Results and discussion

Test results
Sex:
male/female
Genotoxicity:
negative
Toxicity:
no effects
Vehicle controls validity:
valid
Negative controls validity:
not applicable
Positive controls validity:
valid
Additional information on results:
HEMA did not have a significant effect on total spot frequencies in marker-heterozygous (mwh ⁄ flr3) flies analysed, suggesting that HEMA does not act as a genotoxin in the SMART assay.

Applicant's summary and conclusion

Conclusions:
Interpretation of results (migrated information): negative
HEMA did not have a significant effect on total spot frequencies in marker-heterozygous (mwh ⁄ flr3) flies analysed, suggesting that HEMA does not act as a genotoxin in the SMART assay.
Executive summary:

The present in vivo study investigated the genotoxicity of hydroxyethylmethacrylate (HEMA).

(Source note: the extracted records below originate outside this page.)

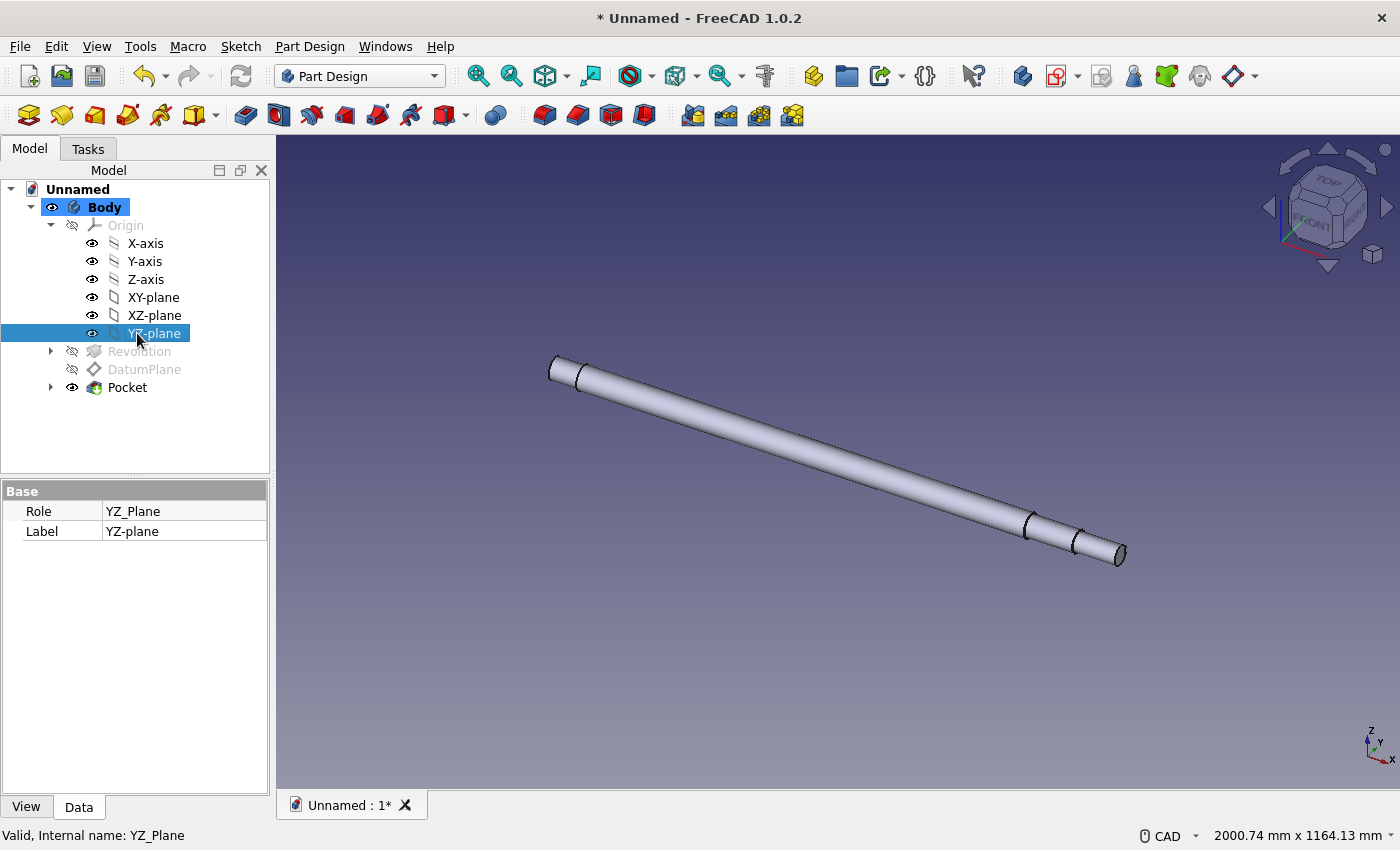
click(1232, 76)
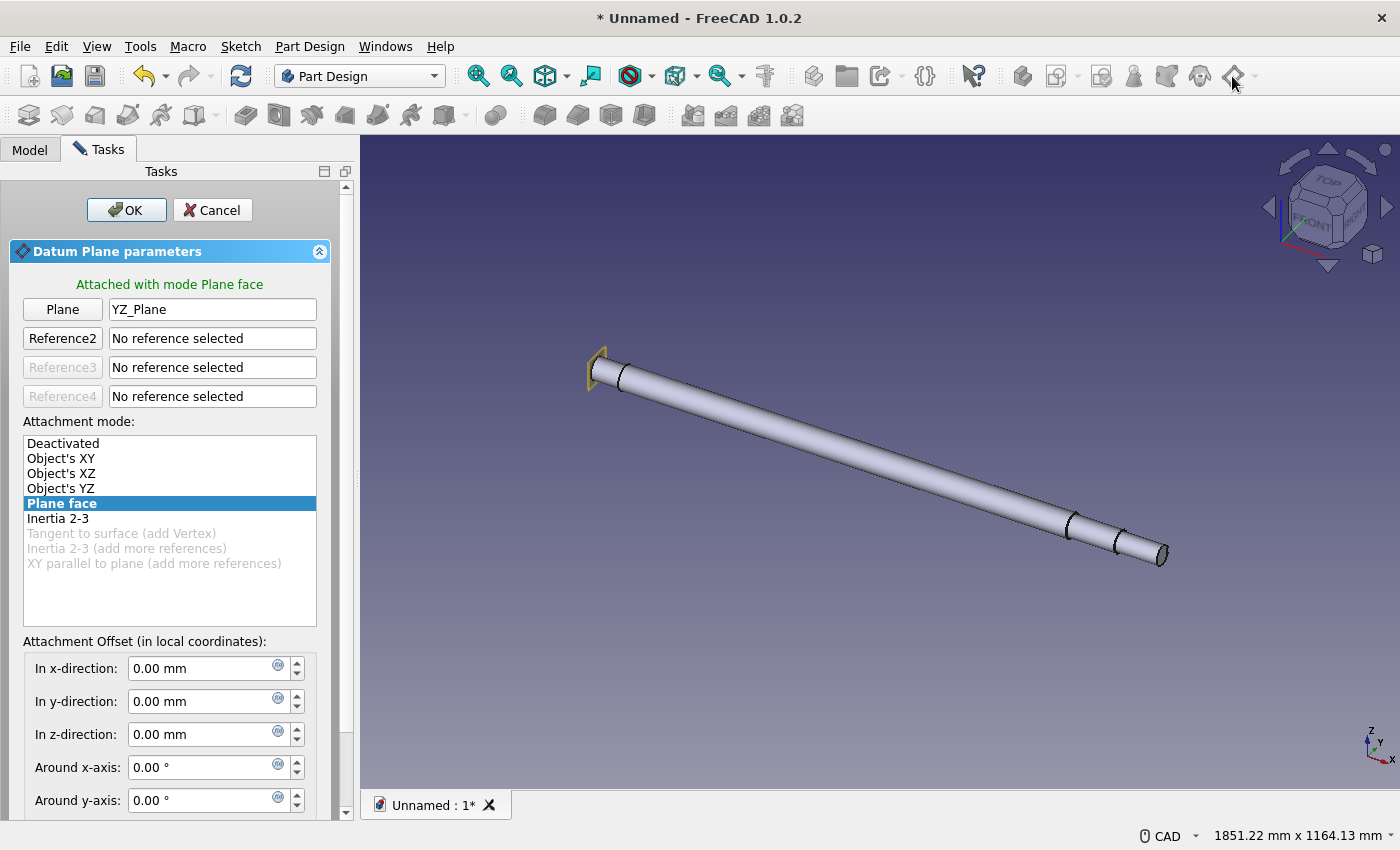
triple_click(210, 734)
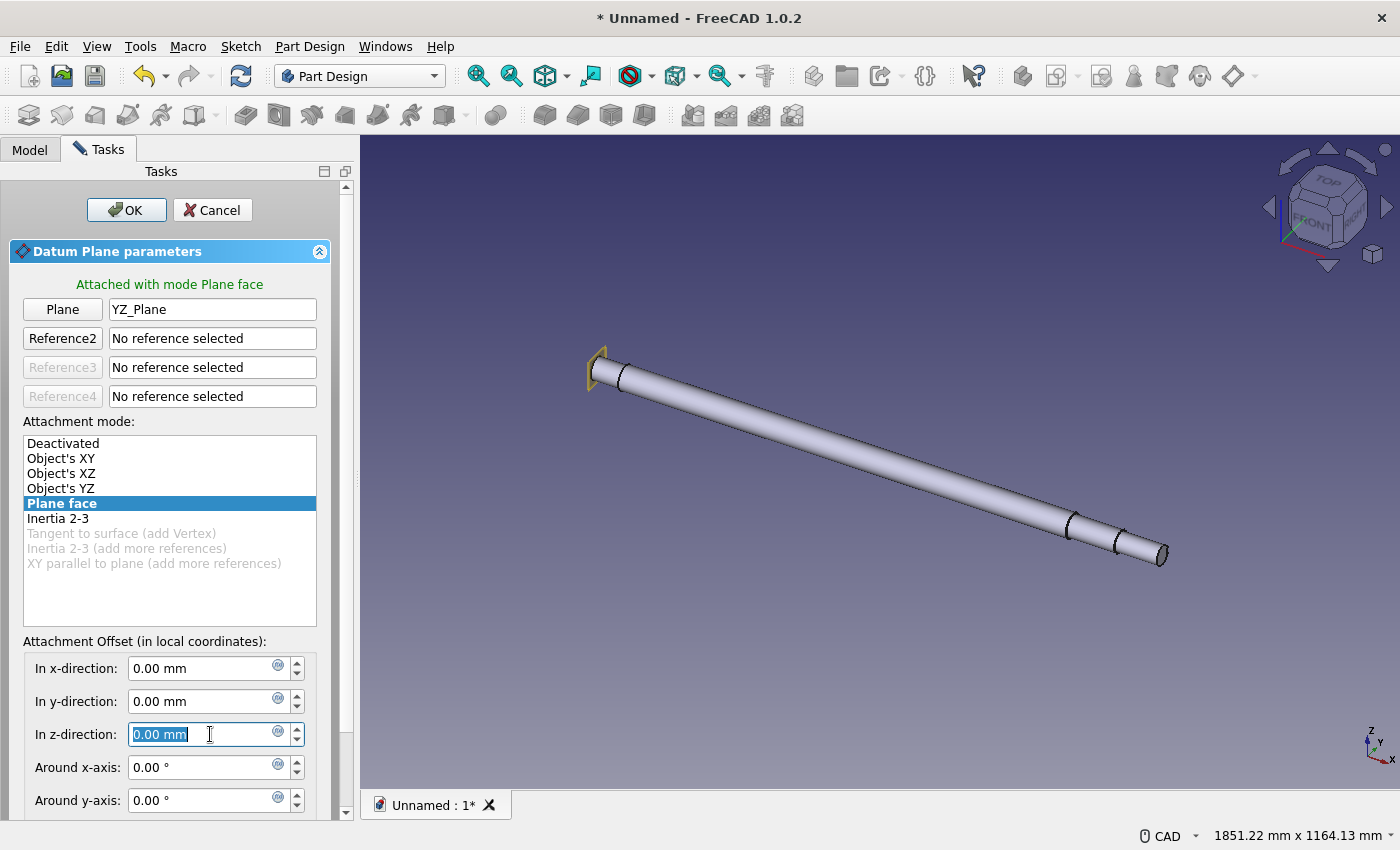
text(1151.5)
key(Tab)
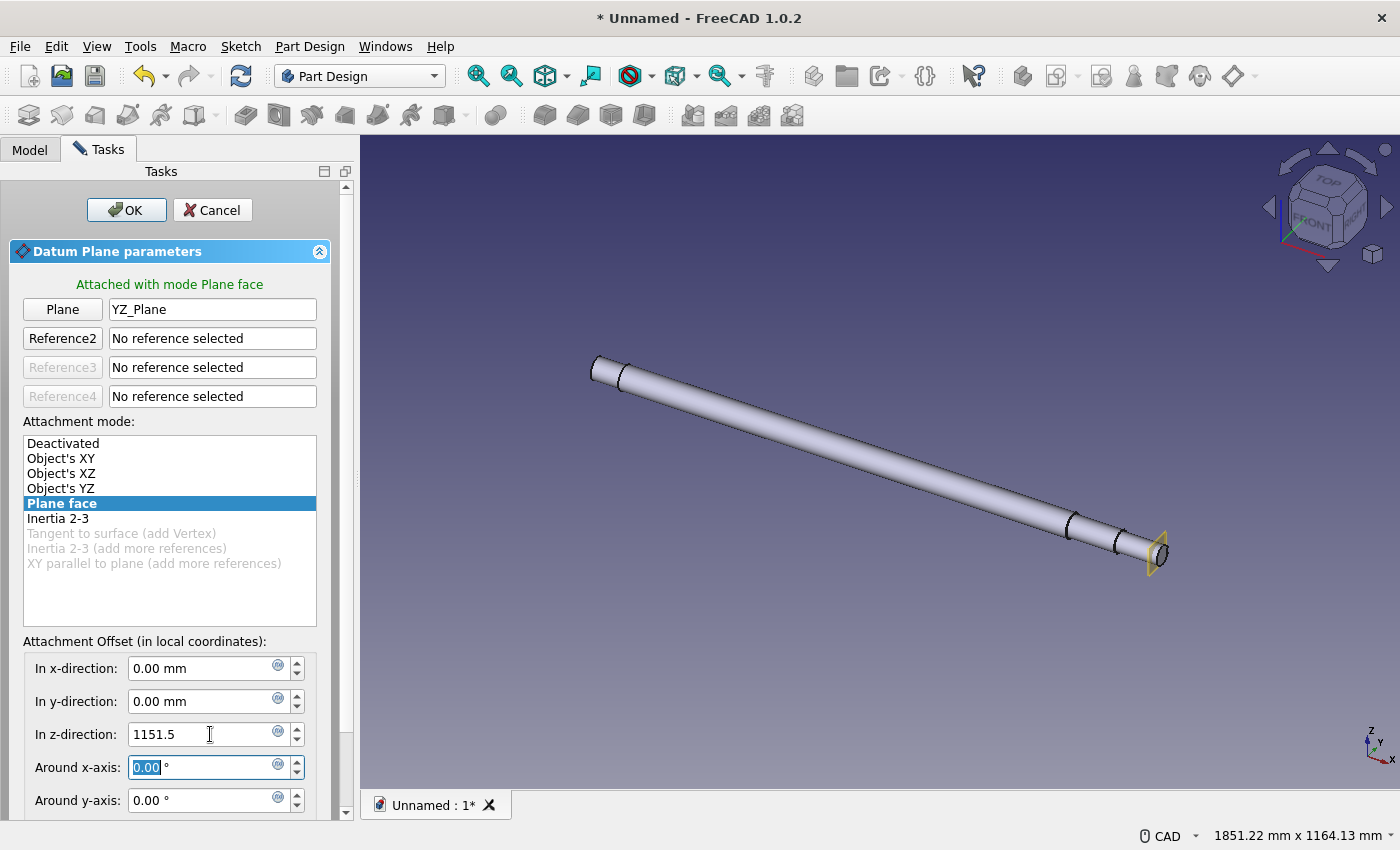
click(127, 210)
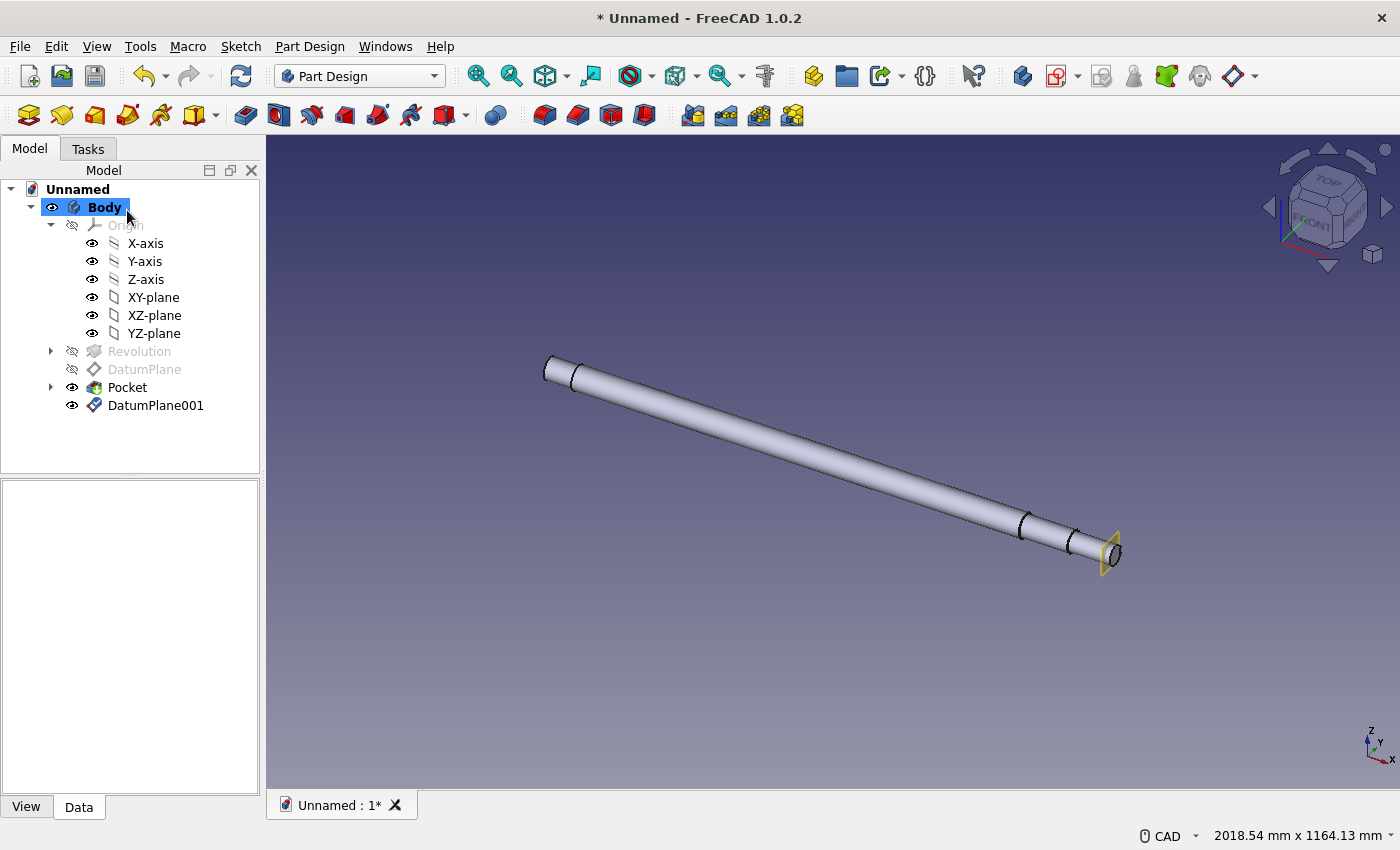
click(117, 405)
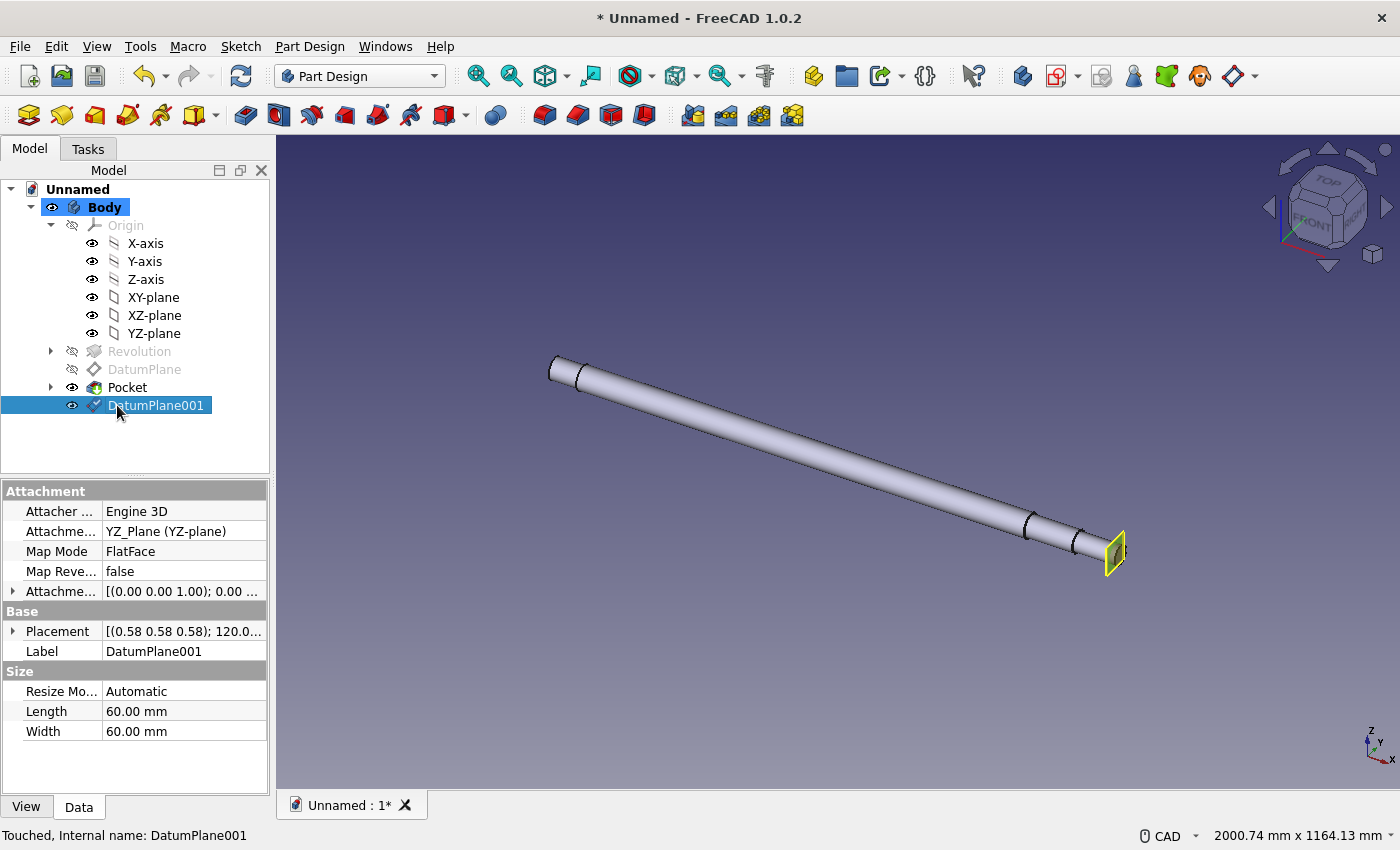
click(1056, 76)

The Somatic Mutation and Recombination Test (SMART) in Drosophila melanogaster was applied to analyse their genotoxicity expressed as homologous mitotic recombination, point and chromosomal mutation. SMART detects the loss of heterozygosity of marker genes expressed phenotypically on the fly’s wings. This fruit fly has an extensive genetic homology to mammalians, which makes it a suitable model organism for genotoxic investigations. HEMA had no statistically significant effect on total spot frequencies – suggesting no genotoxic action in the SMART assay. The clinical significance of these observations has to be interpreted for data obtained in other bioassays.